Stored data entries:
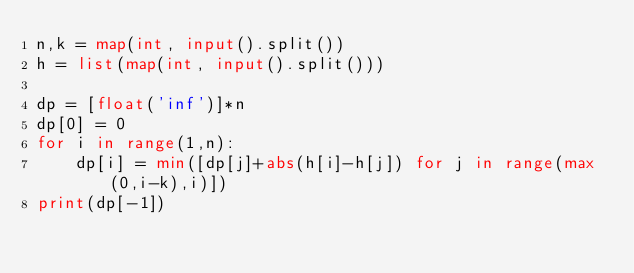Convert code to text. <code><loc_0><loc_0><loc_500><loc_500><_Python_>n,k = map(int, input().split())
h = list(map(int, input().split()))

dp = [float('inf')]*n
dp[0] = 0
for i in range(1,n):
    dp[i] = min([dp[j]+abs(h[i]-h[j]) for j in range(max(0,i-k),i)])
print(dp[-1])</code>

INSTRUCTIONS TO FOLLOW: Where a line of the records includes "range", copy it.

SOLUTION FOR THIS TASK:
for i in range(1,n):
    dp[i] = min([dp[j]+abs(h[i]-h[j]) for j in range(max(0,i-k),i)])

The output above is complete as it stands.